The keys to the map will be the pairs <vertex, path>.  The value corresponding to such a key is the arc length coordinate of that vertex on that path.  I will likely be needing the values for most of the keys and, more importantly, will need to access repeatedly the value for a given key.  This need for repeated access the main reason for wanting to store the values in a property map rather than compute them every time using a function.

The paths will be stored in instances of a different class.  I am modeling the movement of a collection of ``moving agents'' (vehicles , robots, etc.) in a network (graph), each agent assigned to a path in the graph.  I will have a class defining a moving agent.  One of the class variables will be the path to which that agent is assigned.
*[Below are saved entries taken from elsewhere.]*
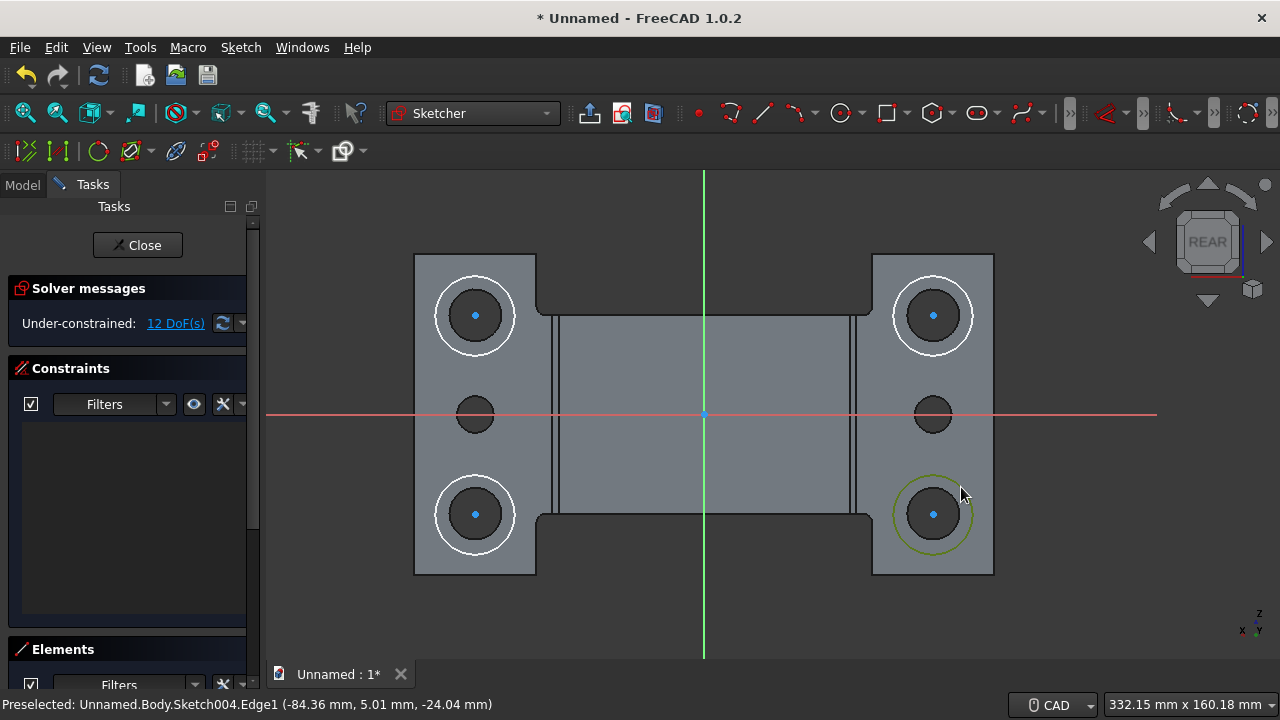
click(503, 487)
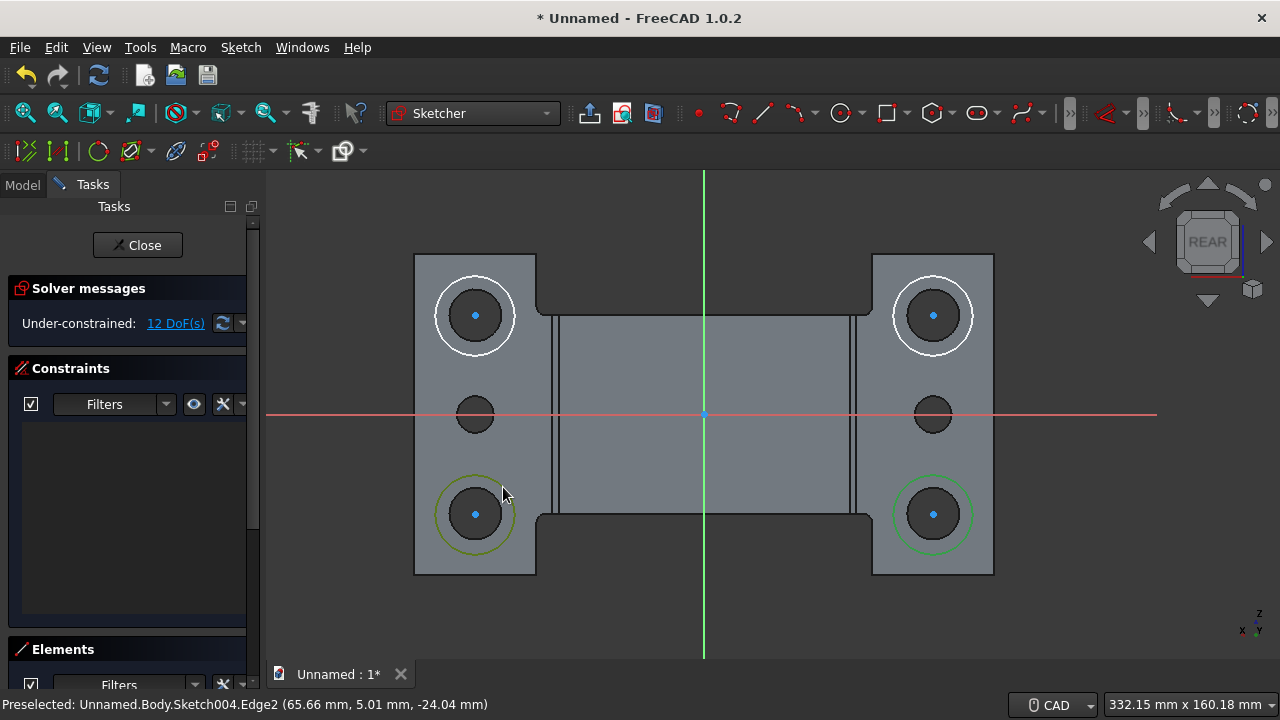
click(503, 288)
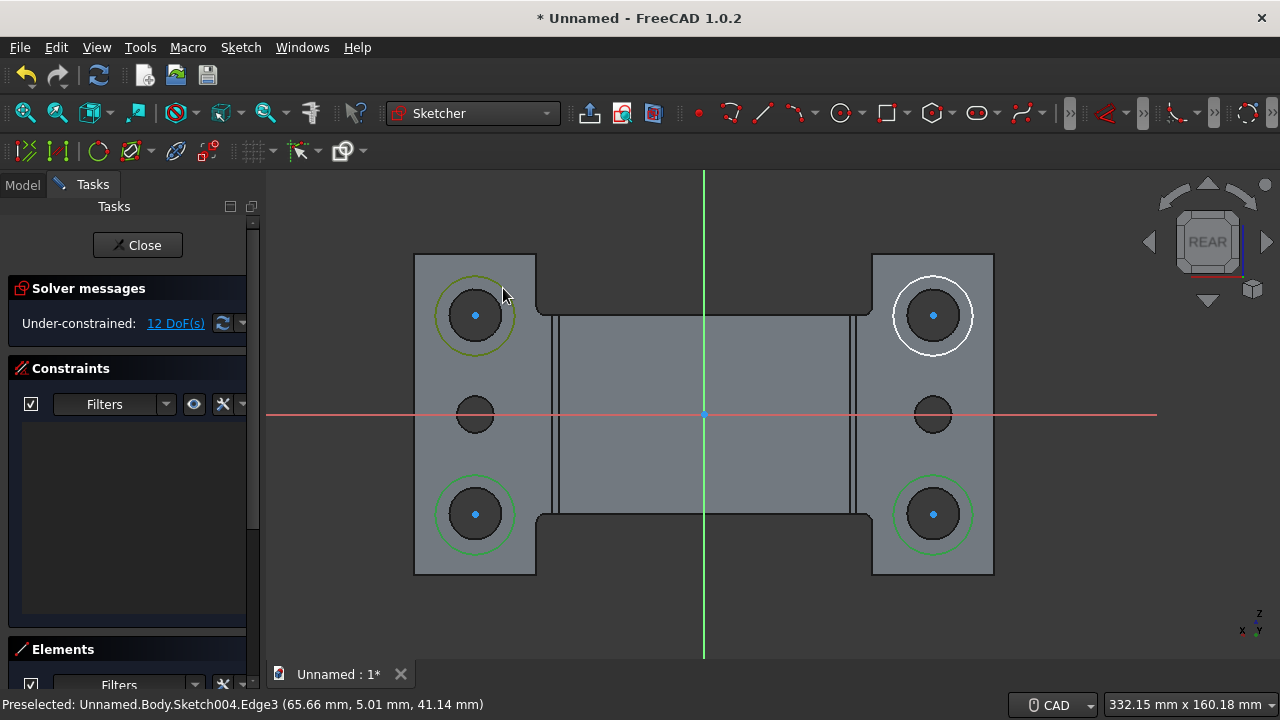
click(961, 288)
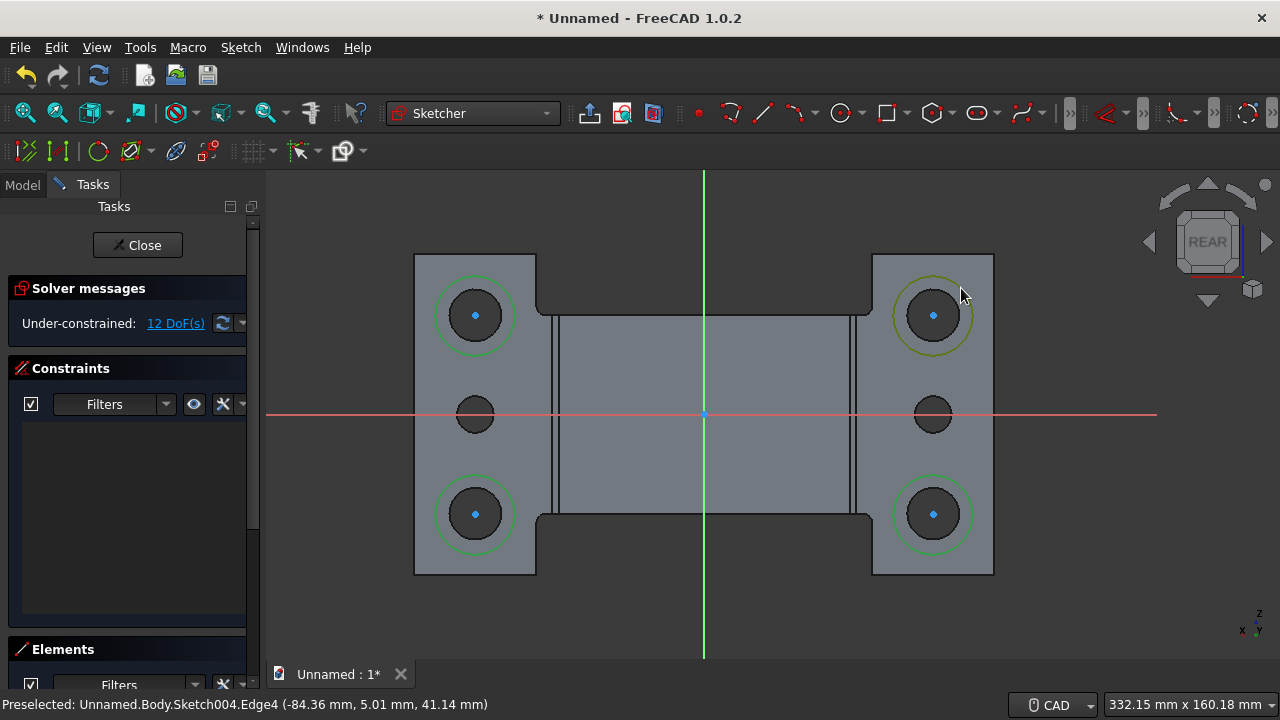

I hope this clarifies my intentions, but if it doesn't, I'll gladly answer further questions.

Thanks again,
Alex


From: Jeremiah Willcock <jewillco@osl.iu.edu>
To: "boost-users@lists.boost.org" <boost-users@lists.boost.org>
Sent: Wednesday, June 13, 2012 11:10 AM
Subject: Re: [Boost-users] [PropertyMap, Graph] Question on constructing a property map from a Cartesian product AxB of two sets to the set C of all real numbers

On Tue, 12 Jun 2012, Alex Sadovsky wrote:

> Hello,
>
> I have defined a directed graph type, and a path type (each variable of type "path" is a sequence (vector) of vertices in the graph such that every two consecutive ones are connected by an edge).  Each path is parameterized by arc length.
>
> What I'd like to do is tabulate the function that, for each pair (vertex, path) tells the arc length coordinate of the vertex.  I don't want to make it a function: a pair (vertex, path) is likely to come up more than once, and I want to avoid repeating the computation of the arc length coordinate.  Just compute it once and store it in a property map.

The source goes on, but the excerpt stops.